You've booked steady work, but you can't shoot every event solo—and you shouldn't. Building a reliable event photography team multiplies your capacity, lets you take on larger contracts, and creates consistent revenue even when you're not behind the camera. Here's how to hire, train, and manage photographers who'll represent your brand properly.
Know What Roles You Actually Need
Most event photography businesses start with a primary shooter (you) and one second shooter. As demand grows, add a photo editor, a dedicated coordinator who communicates with clients on shoot day, and eventually a second full-time second shooter. Don't hire faster than you have bookings to support—empty payroll kills margins.
For weddings and conferences, a second shooter is non-negotiable; they capture moments you miss and provide coverage redundancy. For corporate events or smaller engagements, you might use a rotating contractor basis instead of salary. Clarify this before posting the role.
Hiring: Look for These Specific Qualities
Don't just check portfolio size—examine consistency. A second shooter needs:
- Technical foundation: Manual mode competency, basic lighting knowledge, understanding of white balance across venues
- Reliability: Shows up 15 minutes early, communicates proactively if problems arise, delivers files on deadline
- Client-facing composure: Works smoothly with anxious brides, demanding corporate planners, and intrusive guests without attitude
- Collaborative mindset: Takes direction, doesn't ego-protect their shots, and knows their role complements yours, not competes
Ask candidates to shoot a paid test event ($300–$500 shoot fee) before hiring. This reveals how they handle real pressure and whether their style matches yours. Check references with previous clients, not just photographers.
Training: Build a 4-Week Onboarding System
New team members need clear frameworks, not vague mentorship.
Week 1-2: Shoot alongside you at 2-3 events as observer-only. They watch your approach, camera settings, posing direction, and client interaction. No shooting yet.
Week 3: Second shooter role on a lower-stakes event (smaller wedding, corporate lunch-and-learn). Debrief immediately after: review image selection, discuss what you'd do differently, and clarify shot lists.
Week 4: Solo assignment with you on-call via phone/text. This proves independence before they work without supervision.
Create a one-page shoot checklist including:
- Must-have shots for your event type (first dances, group photos, detail sequences, candid moments)

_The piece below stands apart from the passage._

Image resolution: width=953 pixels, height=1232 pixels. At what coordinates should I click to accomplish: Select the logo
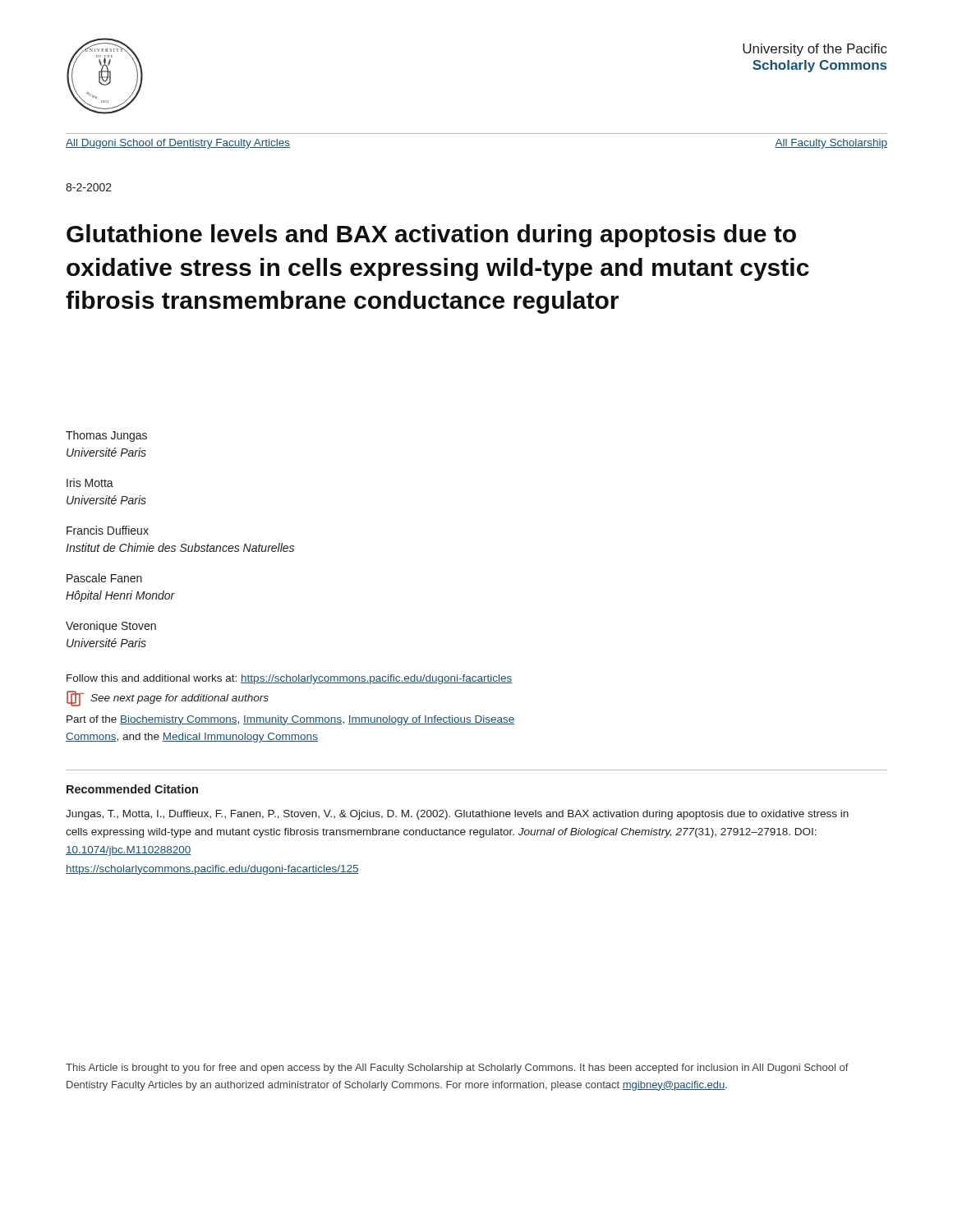coord(105,77)
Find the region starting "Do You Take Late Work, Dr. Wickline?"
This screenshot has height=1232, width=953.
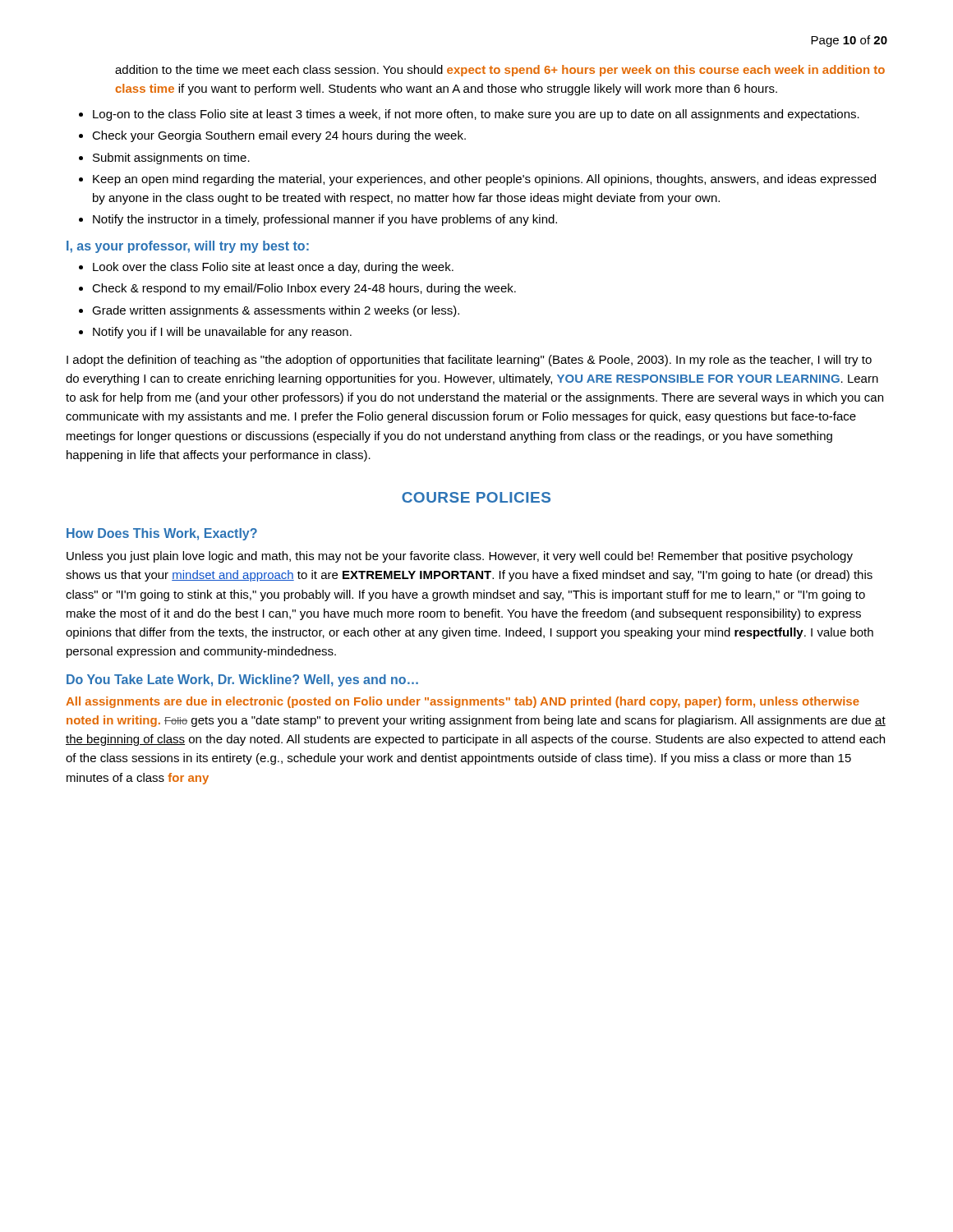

- Lighting notes specific to common venue types
- Backup equipment list
- Communication protocol during the event
Provide access to your client questionnaires and shot list templates. Most new hires fail because they guess at priorities, not because they lack skill.
Managing Remote Contractors vs. W-2 Employees
Contractors (1099): Hire for specific events, pay per shoot ($200–$500 range depending on region and event type), minimal overhead. Ideal when bookings are inconsistent. Include signed contracts covering deliverables, file ownership, and exclusivity clauses.
W-2 Employees: Salary + benefits, typically $35,000–$50,000 annually for a dedicated second shooter in mid-tier markets. Justifiable once you're booking 40+ paid events per year. You control training, scheduling, and brand consistency better.
Use scheduling software (Asana, Monday.com, or even shared Google Sheets) so everyone knows who's shooting when, where clients want images sent, and turnaround deadlines.
Build Accountability Into Your Workflow
Establish concrete expectations: second shooter delivers sorted, color-corrected selects within 48 hours of an event. You handle final culling and delivery. Define exactly what "color-corrected" means—show examples from past shoots.
Monthly check-ins prevent small frustrations from becoming departures. Ask: What went well? What was confusing? Do they need better equipment? Adjust quickly.
Scaling Your Services on Mercoly
As your team grows, you'll handle more volume but also face more customer acquisition pressure. Listing your event photography services on Mercoly helps you get discovered by leads searching for packages, builds credibility, and lets you showcase team capabilities—plus you can sell products like albums or prints directly through the platform.
Frequently Asked Questions
Q: How much should I pay a second shooter per event? Regional rates typically range $200–$400 per event depending on duration, your market tier, and whether they're contractors or employees; established freelancers in major cities often command the higher end.
Q: What if a team member's style doesn't match mine? Address it early—by week 3 of training—through specific examples (show a shot and explain why the angle or timing misses your vision); if the gap doesn't close within a month, part ways before client complaints force the decision.
Q: Should I require team members to use the same camera gear? Not necessarily, but standardize on sensor size and autofocus system (both Canon, both Sony, etc.) so file compatibility and backup equipment seamlessly cross-assign during shoots.
Start your team-building journey by hiring your first reliable second shooter, then invest in systematic training before adding roles—consistency beats speed when building reputation.